>>

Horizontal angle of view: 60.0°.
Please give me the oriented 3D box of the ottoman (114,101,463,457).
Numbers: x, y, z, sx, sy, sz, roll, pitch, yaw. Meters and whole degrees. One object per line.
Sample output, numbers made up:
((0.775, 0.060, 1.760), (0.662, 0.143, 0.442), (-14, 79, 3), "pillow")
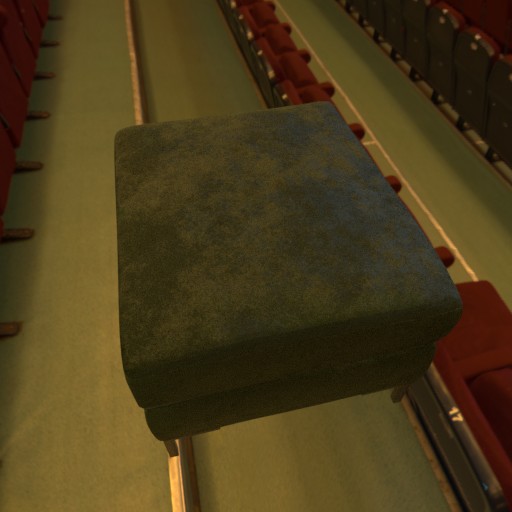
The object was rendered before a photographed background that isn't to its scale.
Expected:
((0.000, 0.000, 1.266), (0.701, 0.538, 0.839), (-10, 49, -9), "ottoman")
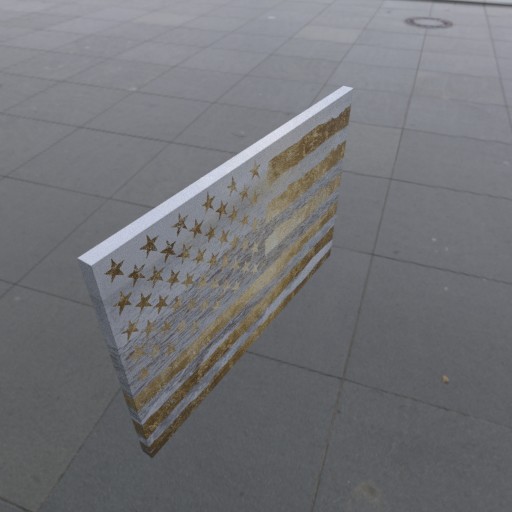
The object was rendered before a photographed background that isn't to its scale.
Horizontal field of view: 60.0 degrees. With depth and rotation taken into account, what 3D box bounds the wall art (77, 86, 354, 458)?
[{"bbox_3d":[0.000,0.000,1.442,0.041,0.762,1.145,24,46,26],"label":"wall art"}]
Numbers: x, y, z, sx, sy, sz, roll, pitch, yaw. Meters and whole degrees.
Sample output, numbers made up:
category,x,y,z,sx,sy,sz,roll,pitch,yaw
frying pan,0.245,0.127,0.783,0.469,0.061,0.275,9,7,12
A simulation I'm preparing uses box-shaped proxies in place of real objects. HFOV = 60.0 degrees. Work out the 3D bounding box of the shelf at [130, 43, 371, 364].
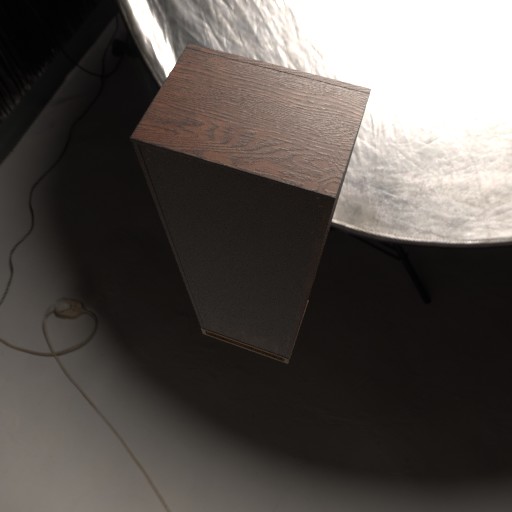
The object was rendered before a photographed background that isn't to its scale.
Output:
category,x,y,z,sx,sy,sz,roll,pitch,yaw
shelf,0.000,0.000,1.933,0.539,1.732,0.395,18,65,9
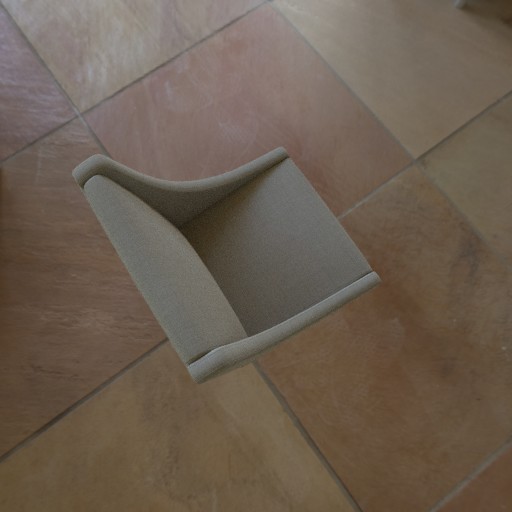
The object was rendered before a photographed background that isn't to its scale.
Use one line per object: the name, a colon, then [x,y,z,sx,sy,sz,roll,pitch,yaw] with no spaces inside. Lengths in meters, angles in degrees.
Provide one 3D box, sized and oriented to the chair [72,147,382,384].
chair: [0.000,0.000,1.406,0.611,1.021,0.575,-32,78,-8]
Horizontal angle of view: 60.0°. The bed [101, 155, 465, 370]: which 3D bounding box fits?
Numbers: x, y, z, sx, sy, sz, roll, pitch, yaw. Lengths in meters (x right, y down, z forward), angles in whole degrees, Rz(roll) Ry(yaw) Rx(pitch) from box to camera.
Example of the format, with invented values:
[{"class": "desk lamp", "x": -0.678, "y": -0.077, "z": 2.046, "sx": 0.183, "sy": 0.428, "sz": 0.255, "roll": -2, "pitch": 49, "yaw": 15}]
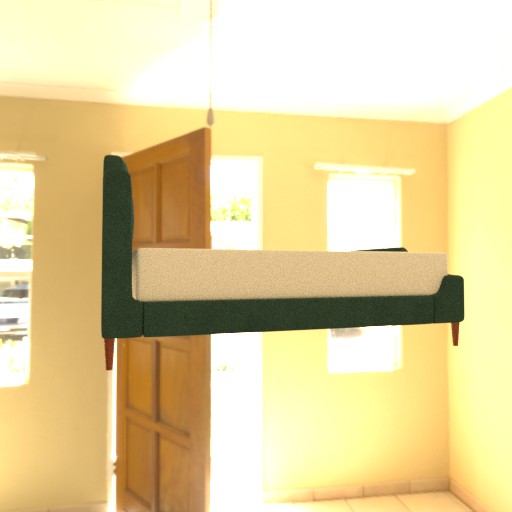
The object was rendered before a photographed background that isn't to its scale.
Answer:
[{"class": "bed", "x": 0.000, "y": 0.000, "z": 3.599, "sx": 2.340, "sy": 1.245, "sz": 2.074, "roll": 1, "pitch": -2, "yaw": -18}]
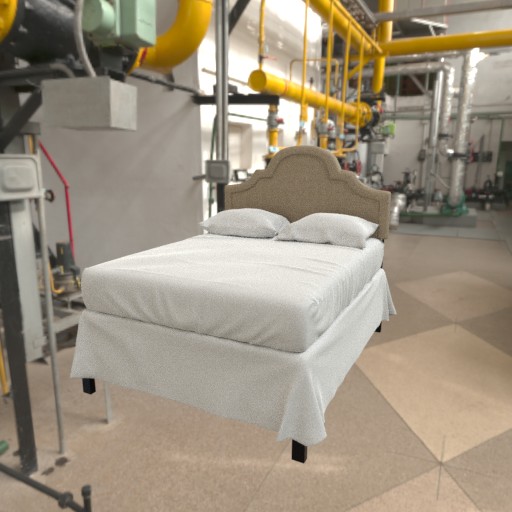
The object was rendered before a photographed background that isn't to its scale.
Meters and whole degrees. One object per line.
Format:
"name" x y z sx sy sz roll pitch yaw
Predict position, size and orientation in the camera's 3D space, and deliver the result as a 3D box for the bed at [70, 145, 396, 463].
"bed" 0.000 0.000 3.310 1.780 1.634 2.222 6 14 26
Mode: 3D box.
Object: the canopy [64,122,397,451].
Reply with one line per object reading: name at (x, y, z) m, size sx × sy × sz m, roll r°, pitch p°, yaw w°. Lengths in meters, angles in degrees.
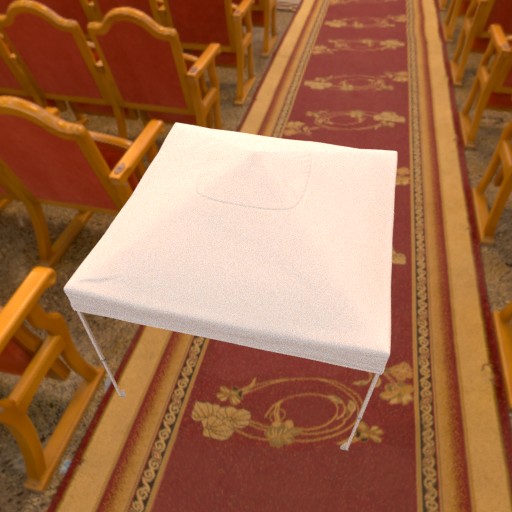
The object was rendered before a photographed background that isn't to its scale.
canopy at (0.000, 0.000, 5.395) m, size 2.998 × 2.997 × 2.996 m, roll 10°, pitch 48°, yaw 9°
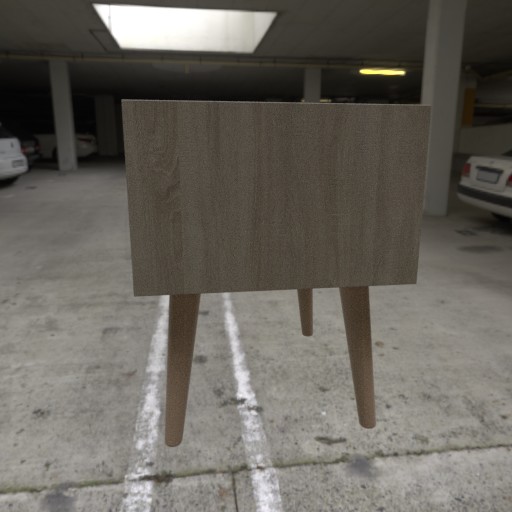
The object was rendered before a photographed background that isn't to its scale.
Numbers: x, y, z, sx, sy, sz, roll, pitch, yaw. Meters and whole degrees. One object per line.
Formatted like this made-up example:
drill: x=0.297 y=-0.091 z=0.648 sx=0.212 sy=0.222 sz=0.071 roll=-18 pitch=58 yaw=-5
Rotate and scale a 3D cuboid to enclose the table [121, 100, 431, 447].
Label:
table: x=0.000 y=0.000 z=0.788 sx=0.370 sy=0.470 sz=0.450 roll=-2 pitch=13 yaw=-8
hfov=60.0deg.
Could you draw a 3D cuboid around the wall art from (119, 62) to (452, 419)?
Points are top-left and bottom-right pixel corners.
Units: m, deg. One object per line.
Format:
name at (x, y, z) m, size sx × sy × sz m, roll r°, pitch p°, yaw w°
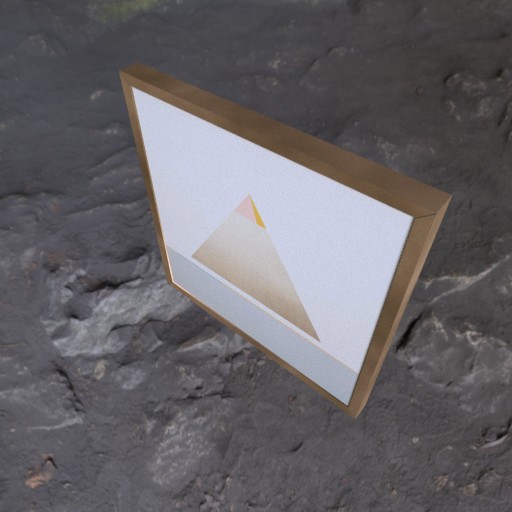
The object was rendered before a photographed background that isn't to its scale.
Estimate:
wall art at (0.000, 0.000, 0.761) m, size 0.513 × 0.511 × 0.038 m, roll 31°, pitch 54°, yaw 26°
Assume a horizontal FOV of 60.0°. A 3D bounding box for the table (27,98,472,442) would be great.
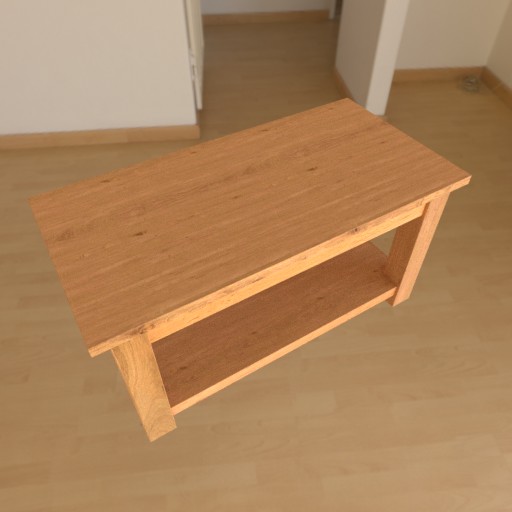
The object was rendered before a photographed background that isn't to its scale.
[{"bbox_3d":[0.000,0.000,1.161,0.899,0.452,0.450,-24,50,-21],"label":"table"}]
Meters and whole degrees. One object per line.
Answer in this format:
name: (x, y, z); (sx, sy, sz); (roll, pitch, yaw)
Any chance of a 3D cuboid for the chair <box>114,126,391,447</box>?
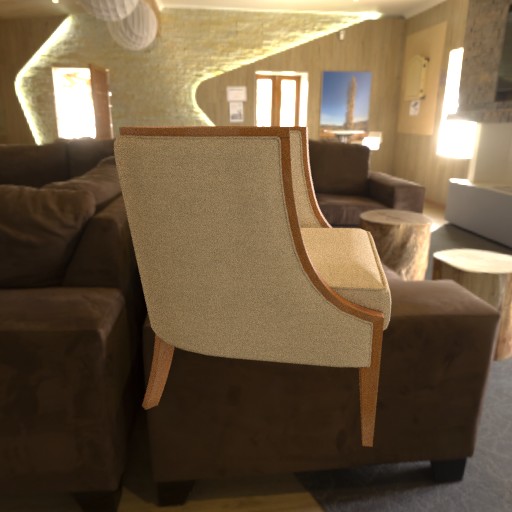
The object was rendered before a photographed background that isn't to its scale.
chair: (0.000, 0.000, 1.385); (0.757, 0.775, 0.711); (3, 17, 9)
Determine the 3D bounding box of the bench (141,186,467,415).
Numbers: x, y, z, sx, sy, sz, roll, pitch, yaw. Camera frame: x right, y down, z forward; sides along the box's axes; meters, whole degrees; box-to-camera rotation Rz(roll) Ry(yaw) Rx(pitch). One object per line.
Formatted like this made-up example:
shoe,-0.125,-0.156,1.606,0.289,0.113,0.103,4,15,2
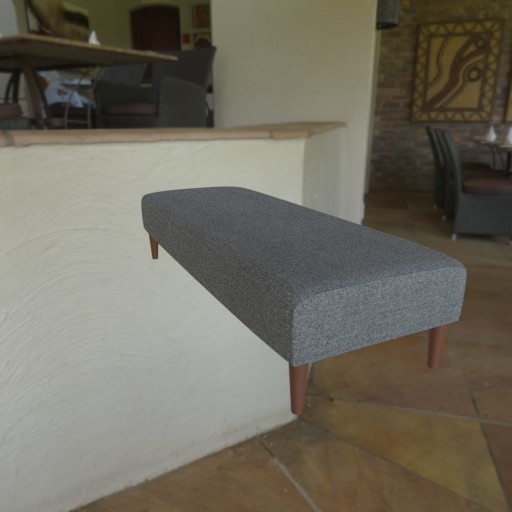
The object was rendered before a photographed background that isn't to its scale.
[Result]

<<

HOW TO COMPLETE THIS TASK: Leaving out the pictures, repeat all of the entries exactly.

SOLUTION TO THIS TASK:
Horizontal angle of view: 60.0°.
Please give me the oriented 3D box of the ottoman (114,101,463,457).
Numbers: x, y, z, sx, sy, sz, roll, pitch, yaw. Meters and whole degrees. One object per line.
Sample output, numbers made up:
((0.775, 0.060, 1.760), (0.662, 0.143, 0.442), (-14, 79, 3), "pillow")
The object was rendered before a photographed background that isn't to its scale.
Expected:
((0.000, 0.000, 1.266), (0.701, 0.538, 0.839), (-10, 49, -9), "ottoman")
The object was rendered before a photographed background that isn't to its scale.
Horizontal field of view: 60.0 degrees. With depth and rotation taken into account, what 3D box bounds the wall art (77, 86, 354, 458)?
[{"bbox_3d":[0.000,0.000,1.442,0.041,0.762,1.145,24,46,26],"label":"wall art"}]
Numbers: x, y, z, sx, sy, sz, roll, pitch, yaw. Meters and whole degrees.
Sample output, numbers made up:
category,x,y,z,sx,sy,sz,roll,pitch,yaw
frying pan,0.245,0.127,0.783,0.469,0.061,0.275,9,7,12
A simulation I'm preparing uses box-shaped proxies in place of real objects. HFOV = 60.0 degrees. Work out the 3D bounding box of the shelf at [130, 43, 371, 364].
The object was rendered before a photographed background that isn't to its scale.
Output:
category,x,y,z,sx,sy,sz,roll,pitch,yaw
shelf,0.000,0.000,1.933,0.539,1.732,0.395,18,65,9
The object was rendered before a photographed background that isn't to its scale.
Use one line per object: the name, a colon, then [x,y,z,sx,sy,sz,roll,pitch,yaw] with no spaces inside. Lengths in meters, angles in degrees.
Provide one 3D box, sized and oriented to the chair [72,147,382,384].
chair: [0.000,0.000,1.406,0.611,1.021,0.575,-32,78,-8]
Horizontal angle of view: 60.0°. The bed [101, 155, 465, 370]: which 3D bounding box fits?
Numbers: x, y, z, sx, sy, sz, roll, pitch, yaw. Lengths in meters (x right, y down, z forward), angles in whole degrees, Rz(roll) Ry(yaw) Rx(pitch) from box to camera.
Example of the format, with invented values:
[{"class": "desk lamp", "x": -0.678, "y": -0.077, "z": 2.046, "sx": 0.183, "sy": 0.428, "sz": 0.255, "roll": -2, "pitch": 49, "yaw": 15}]
The object was rendered before a photographed background that isn't to its scale.
Answer:
[{"class": "bed", "x": 0.000, "y": 0.000, "z": 3.599, "sx": 2.340, "sy": 1.245, "sz": 2.074, "roll": 1, "pitch": -2, "yaw": -18}]
The object was rendered before a photographed background that isn't to its scale.
Meters and whole degrees. One object per line.
Format:
"name" x y z sx sy sz roll pitch yaw
Predict position, size and orientation in the camera's 3D space, and deliver the result as a 3D box for the bed at [70, 145, 396, 463].
"bed" 0.000 0.000 3.310 1.780 1.634 2.222 6 14 26
Mode: 3D box.
Object: the canopy [64,122,397,451].
Reply with one line per object reading: name at (x, y, z) m, size sx × sy × sz m, roll r°, pitch p°, yaw w°. Lengths in meters, angles in degrees.
The object was rendered before a photographed background that isn't to its scale.
canopy at (0.000, 0.000, 5.395) m, size 2.998 × 2.997 × 2.996 m, roll 10°, pitch 48°, yaw 9°
The object was rendered before a photographed background that isn't to its scale.
Numbers: x, y, z, sx, sy, sz, roll, pitch, yaw. Meters and whole degrees. One object per line.
Formatted like this made-up example:
drill: x=0.297 y=-0.091 z=0.648 sx=0.212 sy=0.222 sz=0.071 roll=-18 pitch=58 yaw=-5
Rotate and scale a 3D cuboid to enclose the table [121, 100, 431, 447].
Label:
table: x=0.000 y=0.000 z=0.788 sx=0.370 sy=0.470 sz=0.450 roll=-2 pitch=13 yaw=-8
hfov=60.0deg.
Could you draw a 3D cuboid around the wall art from (119, 62) to (452, 419)?
Points are top-left and bottom-right pixel corners.
Units: m, deg. One object per line.
Format:
name at (x, y, z) m, size sx × sy × sz m, roll r°, pitch p°, yaw w°
The object was rendered before a photographed background that isn't to its scale.
Estimate:
wall art at (0.000, 0.000, 0.761) m, size 0.513 × 0.511 × 0.038 m, roll 31°, pitch 54°, yaw 26°
Assume a horizontal FOV of 60.0°. A 3D bounding box for the table (27,98,472,442) would be great.
The object was rendered before a photographed background that isn't to its scale.
[{"bbox_3d":[0.000,0.000,1.161,0.899,0.452,0.450,-24,50,-21],"label":"table"}]
Meters and whole degrees. One object per line.
Answer in this format:
name: (x, y, z); (sx, sy, sz); (roll, pitch, yaw)
Any chance of a 3D cuboid for the chair <box>114,126,391,447</box>?
The object was rendered before a photographed background that isn't to its scale.
chair: (0.000, 0.000, 1.385); (0.757, 0.775, 0.711); (3, 17, 9)
Determine the 3D bounding box of the bench (141,186,467,415).
Numbers: x, y, z, sx, sy, sz, roll, pitch, yaw. Camera frame: x right, y down, z forward; sides along the box's axes; meters, whole degrees; box-to-camera rotation Rz(roll) Ry(yaw) Rx(pitch). One object per line.
Formatted like this made-up example:
shoe,-0.125,-0.156,1.606,0.289,0.113,0.103,4,15,2
The object was rendered before a photographed background that isn't to its scale.
[Result]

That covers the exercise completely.